To compare steady-state glutamine turnover using nitrogen, carbon, and hydrogen tracers and to test the validity of monocompartmental equations to determine plasma glutamine turnover under non-steady-state conditions, we infused 10 normal postabsorptive volunteers simultaneously with [3,4-3H]glutamine, [2-15N]glutamine, and [U-14C]glutamine for 4 h to isotopic steady state.
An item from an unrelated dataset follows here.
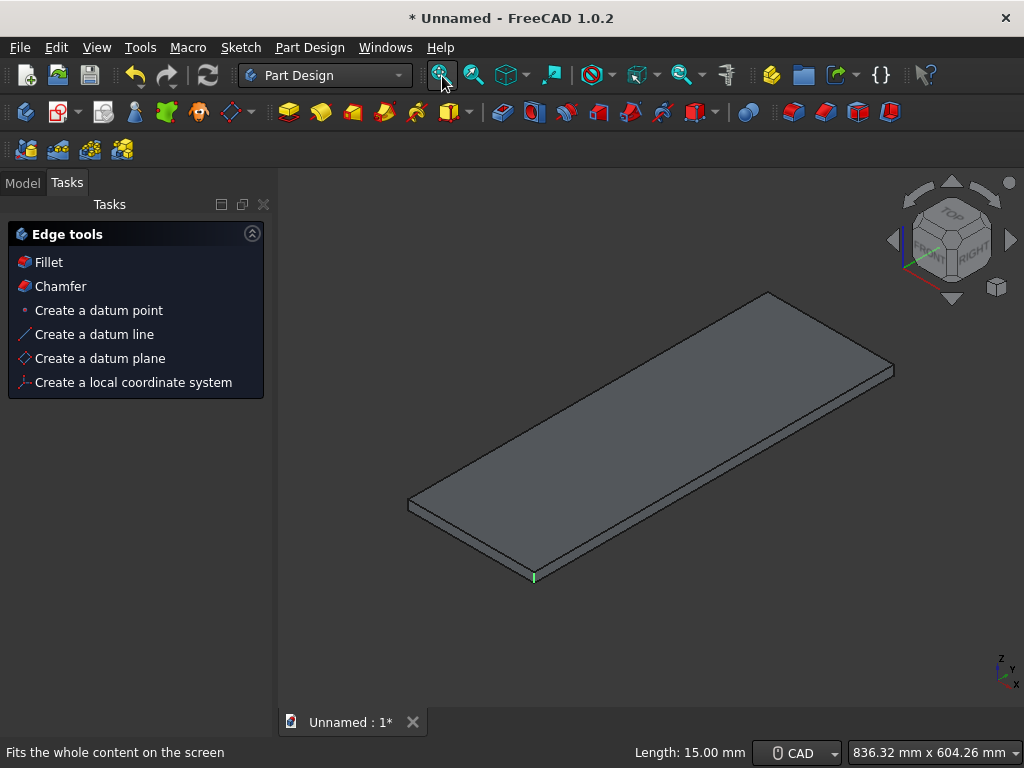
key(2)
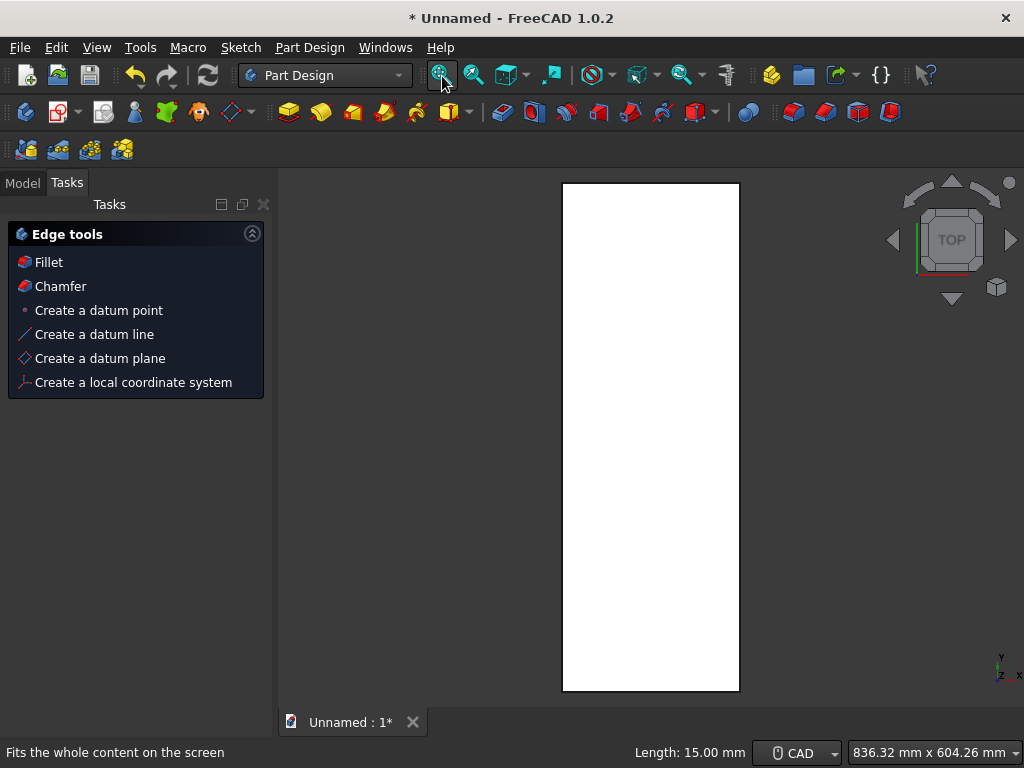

Eight of the ten subjects were subsequently infused in a stepwise fashion with exogenous glutamine. Plasma glutamine enrichment and specific activities fit a monoexponential model well (r = 0.89, 0.92, and 0.92 for [2-15N]-, [U-14C]-, and [3,4-3H]glutamine, respectively). Volumes of distribution for each tracer (362 +/- 58, 433 +/- 51, and 446 +/- 63 ml/kg) and the transfer rate constants (0.0224 +/- 0.0020, 0.0222 +/- 0.0020, and 0.0240 +/- 0.0023 min(-1)) for [2-15N]-, [U-14C]-, and [3,4-3H]glutamine, respectively, were not significantly different from one another. However, turnover of glutamine determined with [3,4-3H]glutamine (6.14 +/- 0.54 micromol x kg(-1) x min(-1)) exceeded that determined with [U-14C]glutamine (5.72 +/- 0.541 micromol x kg(-1) x min(-1); P < 0.03), which in turn exceeded that determined with [2-15N]glutamine (4.67 +/- 0.39 micromol x kg(-1) x min(-1), P < 0.01). The monocompartmental non-steady-state equations of both DeBodo et al. (DeBodo, R., R. Steele, A. Dunn, and J. Bishop. Rec. Prog. Horm. Res. 19: 445-448, 1963) and Finegood et al. (Finegood, D., R. Bergman, and M. Vranic. Diabetes 36: 914-924, 1987) yielded acceptable approximations of predicted rates of glutamine plasma appearance with deviations from predicted rates from 0.2 to 1.6% (Finegood et al.) and from 0.1 to 8.2% (DeBodo et al.). Use of a 0.75 pool fraction most closely approximated predicted rates.